In this sense, the ultimate purpose of inquiry would be to fix opinions after giving due weight to experience and reality. However, if attention is paid to the fact that explanations of experience can never be completely accurate but only approximative, here we find the explanation why the methodological aspect of synechism came to give support to Peirce´s logic of vagueness. Moreover, according to Peirce´s evolutionism tout court of which synechism is a corolary, the external world and our knowledge of it is continuosly evolving. However, to pursue a pragmatic purpose, experience is necessary. Without it there would be no way of introducing new ideas into our thoughts. Under the impact of experience and as a result of self correction which is proper of the inductive method, there will always be a tendency toward the uniformity of opinions, so that they can be incorporated into a higher order of generality and continuity. However, there is an element of objective chance in the universe which is responsible for fortuitous variations. Hence, ther can be no definitive answers to our questions. Moreover, the propensity of all living and even non-living things to acquire habits is not a law among others but it is the law that governs laws.
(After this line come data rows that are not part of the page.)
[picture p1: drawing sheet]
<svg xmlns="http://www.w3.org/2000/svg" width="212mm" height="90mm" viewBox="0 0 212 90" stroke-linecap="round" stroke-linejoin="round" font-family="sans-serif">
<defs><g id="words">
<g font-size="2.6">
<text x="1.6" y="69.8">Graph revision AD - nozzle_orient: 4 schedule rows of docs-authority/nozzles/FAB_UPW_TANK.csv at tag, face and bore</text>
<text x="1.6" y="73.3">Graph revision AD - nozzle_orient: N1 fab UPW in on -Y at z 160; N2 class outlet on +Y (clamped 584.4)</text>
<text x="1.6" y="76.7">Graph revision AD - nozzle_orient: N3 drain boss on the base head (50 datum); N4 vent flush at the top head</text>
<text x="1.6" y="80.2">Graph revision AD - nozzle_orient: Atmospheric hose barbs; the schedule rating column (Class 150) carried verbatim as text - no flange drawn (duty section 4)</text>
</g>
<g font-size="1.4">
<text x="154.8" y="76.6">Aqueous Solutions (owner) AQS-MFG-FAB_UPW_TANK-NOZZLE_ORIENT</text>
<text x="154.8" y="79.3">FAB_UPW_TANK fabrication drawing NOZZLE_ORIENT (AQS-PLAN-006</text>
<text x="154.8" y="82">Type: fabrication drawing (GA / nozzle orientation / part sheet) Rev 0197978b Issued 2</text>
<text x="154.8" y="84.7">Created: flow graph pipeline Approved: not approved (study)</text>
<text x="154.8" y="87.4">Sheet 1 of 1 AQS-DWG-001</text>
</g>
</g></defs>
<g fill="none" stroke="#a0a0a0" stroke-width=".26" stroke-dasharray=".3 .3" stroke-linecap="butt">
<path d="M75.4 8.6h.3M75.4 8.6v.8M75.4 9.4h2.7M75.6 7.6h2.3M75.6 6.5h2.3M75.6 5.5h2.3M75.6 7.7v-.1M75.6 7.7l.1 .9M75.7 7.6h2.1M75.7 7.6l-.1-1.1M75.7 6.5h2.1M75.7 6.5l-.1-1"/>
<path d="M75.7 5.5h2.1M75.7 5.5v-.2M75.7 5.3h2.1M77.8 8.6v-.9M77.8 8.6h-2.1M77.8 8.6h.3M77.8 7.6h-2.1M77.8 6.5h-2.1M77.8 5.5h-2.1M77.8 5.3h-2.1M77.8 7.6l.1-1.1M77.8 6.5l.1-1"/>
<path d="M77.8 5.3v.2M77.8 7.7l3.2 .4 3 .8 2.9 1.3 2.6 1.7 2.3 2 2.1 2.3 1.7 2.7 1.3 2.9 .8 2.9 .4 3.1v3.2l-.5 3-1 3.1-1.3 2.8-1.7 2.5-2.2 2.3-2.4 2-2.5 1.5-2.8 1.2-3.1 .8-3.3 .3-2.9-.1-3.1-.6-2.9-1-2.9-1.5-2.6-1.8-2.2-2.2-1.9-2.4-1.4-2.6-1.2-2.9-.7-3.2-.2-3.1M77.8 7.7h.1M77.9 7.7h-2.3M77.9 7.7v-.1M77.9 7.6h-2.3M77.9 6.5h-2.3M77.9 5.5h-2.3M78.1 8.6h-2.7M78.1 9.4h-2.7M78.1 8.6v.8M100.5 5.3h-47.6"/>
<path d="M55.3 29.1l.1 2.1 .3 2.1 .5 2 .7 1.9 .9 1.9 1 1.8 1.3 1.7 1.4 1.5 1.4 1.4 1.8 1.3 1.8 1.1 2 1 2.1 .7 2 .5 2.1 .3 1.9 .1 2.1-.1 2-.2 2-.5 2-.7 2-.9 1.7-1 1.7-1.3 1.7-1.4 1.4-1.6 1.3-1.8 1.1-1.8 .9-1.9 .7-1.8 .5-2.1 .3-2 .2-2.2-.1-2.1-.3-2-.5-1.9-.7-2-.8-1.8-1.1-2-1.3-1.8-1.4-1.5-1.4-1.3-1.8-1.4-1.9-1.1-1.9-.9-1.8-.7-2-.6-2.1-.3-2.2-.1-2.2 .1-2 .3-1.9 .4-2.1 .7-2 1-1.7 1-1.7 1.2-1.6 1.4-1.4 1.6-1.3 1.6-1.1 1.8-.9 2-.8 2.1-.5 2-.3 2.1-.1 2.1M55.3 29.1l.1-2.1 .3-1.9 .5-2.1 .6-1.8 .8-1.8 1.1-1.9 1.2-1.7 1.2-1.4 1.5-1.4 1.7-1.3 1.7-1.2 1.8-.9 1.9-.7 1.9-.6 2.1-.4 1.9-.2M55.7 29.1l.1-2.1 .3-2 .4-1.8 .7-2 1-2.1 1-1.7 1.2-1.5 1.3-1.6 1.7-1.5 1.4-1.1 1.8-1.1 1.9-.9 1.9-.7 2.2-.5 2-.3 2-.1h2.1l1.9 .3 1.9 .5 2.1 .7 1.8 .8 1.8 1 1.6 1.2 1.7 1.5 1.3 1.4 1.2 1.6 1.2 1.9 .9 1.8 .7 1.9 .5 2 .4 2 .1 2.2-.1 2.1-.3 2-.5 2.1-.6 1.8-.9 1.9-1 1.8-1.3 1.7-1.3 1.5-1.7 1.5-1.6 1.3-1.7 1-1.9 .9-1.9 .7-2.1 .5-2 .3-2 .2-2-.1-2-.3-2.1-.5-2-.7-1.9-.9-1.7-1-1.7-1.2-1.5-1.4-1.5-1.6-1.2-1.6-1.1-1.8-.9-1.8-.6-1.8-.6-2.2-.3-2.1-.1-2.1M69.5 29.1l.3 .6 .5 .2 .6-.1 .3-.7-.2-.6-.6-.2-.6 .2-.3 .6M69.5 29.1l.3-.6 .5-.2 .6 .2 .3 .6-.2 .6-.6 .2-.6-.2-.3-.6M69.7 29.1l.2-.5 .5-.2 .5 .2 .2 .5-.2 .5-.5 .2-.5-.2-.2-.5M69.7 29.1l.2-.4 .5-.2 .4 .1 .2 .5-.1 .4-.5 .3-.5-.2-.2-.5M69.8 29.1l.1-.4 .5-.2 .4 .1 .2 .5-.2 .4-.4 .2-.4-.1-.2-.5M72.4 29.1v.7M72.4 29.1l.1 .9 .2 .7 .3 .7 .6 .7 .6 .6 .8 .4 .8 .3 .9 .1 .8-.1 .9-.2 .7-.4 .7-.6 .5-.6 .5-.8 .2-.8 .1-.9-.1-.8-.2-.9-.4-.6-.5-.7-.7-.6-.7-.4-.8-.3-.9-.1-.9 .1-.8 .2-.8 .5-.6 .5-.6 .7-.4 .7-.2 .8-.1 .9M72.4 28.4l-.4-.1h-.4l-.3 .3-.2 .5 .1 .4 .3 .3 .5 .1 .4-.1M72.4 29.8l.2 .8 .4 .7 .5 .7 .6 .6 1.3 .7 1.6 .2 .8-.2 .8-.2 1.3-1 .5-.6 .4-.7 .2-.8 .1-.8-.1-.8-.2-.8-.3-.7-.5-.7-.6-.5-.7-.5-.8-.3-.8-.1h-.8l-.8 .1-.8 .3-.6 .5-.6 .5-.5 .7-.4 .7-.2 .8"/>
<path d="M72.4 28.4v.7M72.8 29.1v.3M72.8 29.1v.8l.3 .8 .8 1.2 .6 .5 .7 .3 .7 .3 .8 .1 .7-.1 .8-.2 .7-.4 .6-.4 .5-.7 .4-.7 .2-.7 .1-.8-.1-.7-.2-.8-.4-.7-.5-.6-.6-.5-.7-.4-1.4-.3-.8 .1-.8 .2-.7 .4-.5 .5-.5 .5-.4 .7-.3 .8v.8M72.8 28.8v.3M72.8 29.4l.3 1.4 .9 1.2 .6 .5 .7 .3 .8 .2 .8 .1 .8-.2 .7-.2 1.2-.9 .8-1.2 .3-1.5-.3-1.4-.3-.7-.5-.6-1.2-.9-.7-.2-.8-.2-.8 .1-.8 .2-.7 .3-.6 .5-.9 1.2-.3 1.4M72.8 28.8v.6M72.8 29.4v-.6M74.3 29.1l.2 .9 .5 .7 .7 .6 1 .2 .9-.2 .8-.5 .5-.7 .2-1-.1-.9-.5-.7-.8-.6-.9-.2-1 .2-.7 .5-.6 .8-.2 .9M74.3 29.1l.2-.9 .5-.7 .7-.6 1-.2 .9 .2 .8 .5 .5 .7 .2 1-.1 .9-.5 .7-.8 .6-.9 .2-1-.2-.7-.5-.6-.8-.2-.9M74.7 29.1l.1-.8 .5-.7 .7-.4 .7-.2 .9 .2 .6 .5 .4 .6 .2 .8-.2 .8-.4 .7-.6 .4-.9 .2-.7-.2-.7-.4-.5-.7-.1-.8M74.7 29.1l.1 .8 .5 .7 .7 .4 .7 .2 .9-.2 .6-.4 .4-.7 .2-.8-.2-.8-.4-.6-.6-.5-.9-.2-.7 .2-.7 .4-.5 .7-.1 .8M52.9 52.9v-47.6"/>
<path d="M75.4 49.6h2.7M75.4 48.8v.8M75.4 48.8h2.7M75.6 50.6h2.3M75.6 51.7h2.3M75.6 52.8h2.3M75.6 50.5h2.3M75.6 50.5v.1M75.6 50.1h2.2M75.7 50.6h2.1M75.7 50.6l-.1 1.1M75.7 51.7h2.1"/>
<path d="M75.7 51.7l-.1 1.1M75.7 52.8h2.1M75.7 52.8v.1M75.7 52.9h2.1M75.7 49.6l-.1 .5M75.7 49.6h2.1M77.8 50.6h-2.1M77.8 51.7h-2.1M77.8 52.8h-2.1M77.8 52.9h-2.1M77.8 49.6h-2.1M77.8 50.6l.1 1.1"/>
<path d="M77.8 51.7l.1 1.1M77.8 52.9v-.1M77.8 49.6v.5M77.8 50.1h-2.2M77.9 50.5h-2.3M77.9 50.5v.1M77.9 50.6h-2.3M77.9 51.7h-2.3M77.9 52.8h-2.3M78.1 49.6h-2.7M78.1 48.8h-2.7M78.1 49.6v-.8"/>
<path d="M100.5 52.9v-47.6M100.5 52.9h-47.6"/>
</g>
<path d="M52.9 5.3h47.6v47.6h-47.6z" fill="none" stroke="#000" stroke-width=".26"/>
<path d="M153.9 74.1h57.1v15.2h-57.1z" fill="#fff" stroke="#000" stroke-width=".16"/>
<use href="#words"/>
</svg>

General laws are responsible for the regularity and inteligibility of things. That is why they are the most completely real phenomena in the universe. This explains why action, and, even less, individual actions cannot be the summum bonum of human species. As evolution grows, human intelligence should perform a more intense role toward the development of the pragmatic end, namely, the growth of concrete reasonableness, through human mind´s most peculiar characteristic, that is, self-control. At the beginning, human mind was born as a fruit of this evolution, but, once it was born, it acquired the increasing power to influence the course of evolution through a deliberate conduct that listens to the voice of nature. Even if the perversity of whole generations of human beings choose opposite ways, in the long run, human beings will be forced by experience to recognize nature and our own nature as growing in reasonableness. For Peirce, inquiry is worthwhile because it is a privileged way of developing an open and neverending conversation with nature. This conversation begins in abduction. However, given the lack of space, the especial subject of this conversation will be left for another occasion.